PokerStars Reaches Settlement with Italy Tax Authorities
The parent company of PokerStars, Canada-based Amaya Group, has announced that it has reached a settlement with Italy’s tax authorities in the matter of a €300 tax fraud accusation made against the PokerStars.it site and several related business entities. Amaya has agreed to pay a far smaller amount, just €5.9 million, as a final settlement in connection with the case.
Last March, Italy’s Guardia di Finanza, the nation’s central tax agency, filed the €300 million claim, asserting that PokerStars.it and the related business entities had engaged in a complex accounting scheme called transfer pricing. The initial €300 billion figure included substantial interest and penalties as well.
The tax-reducing strategy involved transferring certain business services within a single multinational entity, but involving more than one nation. Through the various accounting schemes used, the Italian tax officials accused PokerStars.it and the related companies of artificial lowering the total revenue, and thus the tax based on that revenue, in violation of Italian tax laws.

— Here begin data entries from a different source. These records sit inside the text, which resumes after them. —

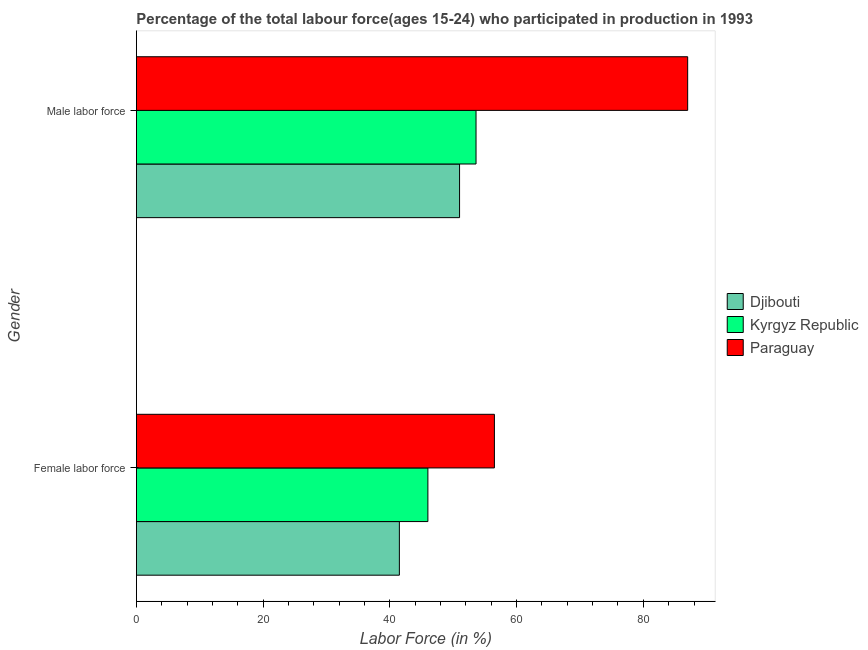How many different coloured bars are there?
Ensure brevity in your answer.  3. Are the number of bars per tick equal to the number of legend labels?
Offer a terse response. Yes. How many bars are there on the 1st tick from the top?
Make the answer very short. 3. How many bars are there on the 2nd tick from the bottom?
Give a very brief answer. 3. What is the label of the 2nd group of bars from the top?
Offer a terse response. Female labor force. What is the percentage of female labor force in Kyrgyz Republic?
Make the answer very short. 46. Across all countries, what is the maximum percentage of female labor force?
Your answer should be very brief. 56.5. Across all countries, what is the minimum percentage of female labor force?
Ensure brevity in your answer.  41.5. In which country was the percentage of male labour force maximum?
Keep it short and to the point. Paraguay. In which country was the percentage of female labor force minimum?
Your response must be concise. Djibouti. What is the total percentage of female labor force in the graph?
Make the answer very short. 144. What is the difference between the percentage of male labour force in Paraguay and that in Djibouti?
Provide a succinct answer. 36. What is the difference between the percentage of female labor force in Djibouti and the percentage of male labour force in Paraguay?
Make the answer very short. -45.5. What is the average percentage of female labor force per country?
Ensure brevity in your answer.  48. What is the difference between the percentage of female labor force and percentage of male labour force in Kyrgyz Republic?
Offer a very short reply. -7.6. In how many countries, is the percentage of male labour force greater than 84 %?
Make the answer very short. 1. What is the ratio of the percentage of female labor force in Kyrgyz Republic to that in Paraguay?
Offer a very short reply. 0.81. In how many countries, is the percentage of female labor force greater than the average percentage of female labor force taken over all countries?
Offer a very short reply. 1. What does the 3rd bar from the top in Female labor force represents?
Provide a succinct answer. Djibouti. What does the 2nd bar from the bottom in Female labor force represents?
Provide a succinct answer. Kyrgyz Republic. How many countries are there in the graph?
Give a very brief answer. 3. What is the difference between two consecutive major ticks on the X-axis?
Ensure brevity in your answer.  20. Does the graph contain any zero values?
Offer a very short reply. No. How many legend labels are there?
Give a very brief answer. 3. How are the legend labels stacked?
Your answer should be very brief. Vertical. What is the title of the graph?
Offer a terse response. Percentage of the total labour force(ages 15-24) who participated in production in 1993. Does "Bahrain" appear as one of the legend labels in the graph?
Make the answer very short. No. What is the label or title of the X-axis?
Your answer should be compact. Labor Force (in %). What is the label or title of the Y-axis?
Your answer should be very brief. Gender. What is the Labor Force (in %) in Djibouti in Female labor force?
Your answer should be compact. 41.5. What is the Labor Force (in %) in Paraguay in Female labor force?
Offer a terse response. 56.5. What is the Labor Force (in %) in Kyrgyz Republic in Male labor force?
Provide a short and direct response. 53.6. What is the Labor Force (in %) in Paraguay in Male labor force?
Provide a short and direct response. 87. Across all Gender, what is the maximum Labor Force (in %) in Kyrgyz Republic?
Make the answer very short. 53.6. Across all Gender, what is the maximum Labor Force (in %) in Paraguay?
Keep it short and to the point. 87. Across all Gender, what is the minimum Labor Force (in %) of Djibouti?
Ensure brevity in your answer.  41.5. Across all Gender, what is the minimum Labor Force (in %) in Paraguay?
Your response must be concise. 56.5. What is the total Labor Force (in %) of Djibouti in the graph?
Offer a very short reply. 92.5. What is the total Labor Force (in %) in Kyrgyz Republic in the graph?
Keep it short and to the point. 99.6. What is the total Labor Force (in %) of Paraguay in the graph?
Give a very brief answer. 143.5. What is the difference between the Labor Force (in %) in Kyrgyz Republic in Female labor force and that in Male labor force?
Give a very brief answer. -7.6. What is the difference between the Labor Force (in %) of Paraguay in Female labor force and that in Male labor force?
Provide a short and direct response. -30.5. What is the difference between the Labor Force (in %) in Djibouti in Female labor force and the Labor Force (in %) in Kyrgyz Republic in Male labor force?
Ensure brevity in your answer.  -12.1. What is the difference between the Labor Force (in %) of Djibouti in Female labor force and the Labor Force (in %) of Paraguay in Male labor force?
Your answer should be compact. -45.5. What is the difference between the Labor Force (in %) in Kyrgyz Republic in Female labor force and the Labor Force (in %) in Paraguay in Male labor force?
Keep it short and to the point. -41. What is the average Labor Force (in %) of Djibouti per Gender?
Offer a terse response. 46.25. What is the average Labor Force (in %) in Kyrgyz Republic per Gender?
Your answer should be very brief. 49.8. What is the average Labor Force (in %) in Paraguay per Gender?
Your answer should be very brief. 71.75. What is the difference between the Labor Force (in %) of Djibouti and Labor Force (in %) of Paraguay in Female labor force?
Provide a succinct answer. -15. What is the difference between the Labor Force (in %) of Djibouti and Labor Force (in %) of Kyrgyz Republic in Male labor force?
Provide a succinct answer. -2.6. What is the difference between the Labor Force (in %) of Djibouti and Labor Force (in %) of Paraguay in Male labor force?
Provide a short and direct response. -36. What is the difference between the Labor Force (in %) in Kyrgyz Republic and Labor Force (in %) in Paraguay in Male labor force?
Provide a short and direct response. -33.4. What is the ratio of the Labor Force (in %) in Djibouti in Female labor force to that in Male labor force?
Offer a terse response. 0.81. What is the ratio of the Labor Force (in %) of Kyrgyz Republic in Female labor force to that in Male labor force?
Offer a terse response. 0.86. What is the ratio of the Labor Force (in %) in Paraguay in Female labor force to that in Male labor force?
Provide a succinct answer. 0.65. What is the difference between the highest and the second highest Labor Force (in %) of Kyrgyz Republic?
Your answer should be compact. 7.6. What is the difference between the highest and the second highest Labor Force (in %) in Paraguay?
Your answer should be compact. 30.5. What is the difference between the highest and the lowest Labor Force (in %) of Djibouti?
Your answer should be compact. 9.5. What is the difference between the highest and the lowest Labor Force (in %) of Kyrgyz Republic?
Offer a very short reply. 7.6. What is the difference between the highest and the lowest Labor Force (in %) in Paraguay?
Offer a terse response. 30.5.

It is important to note that the accusations involved activity that occurred in the business entities between 2009 and 2014, when the company was run by its original founders, the Scheinberg family. All PokerStars online platforms and related business entities were sold to Amaya in the summer of 2014 in a $4.9 billion blockbuster reverse acquisition. The potential liability involving the Italian case has long been disclosed to consumers, and no stock-price change — or even a slight uptick — is expected as a result of the settlement.
Amaya share prices have dipped roughly 10% over the last week, but it is hard to differentiate specific losses and attribute them to the Italian settlement, given the global correction in stock prices over the same period. Amaya is also weathering intentionally-inflicted wobbles in its daily revenue numbers, produced by on-again/off-again sitout protests by some of the site’s highest-volume players. That separate matter barely touches PokerStars.it’s operations, but contributes to the ongoing turmoil the company currently faces.
Regarding the closure of the Italy-based case, an Amaya corporate presser offered, “Amaya Inc. today said it has paid €5.9 million as a final settlement with Italian tax authorities to resolve a previously disclosed tax dispute in which Italian authorities estimated that approximately €85 million were owed by a subsidiary of Amaya related to its Italian operations under the PokerStars brand for the 2009 through 2014 tax years.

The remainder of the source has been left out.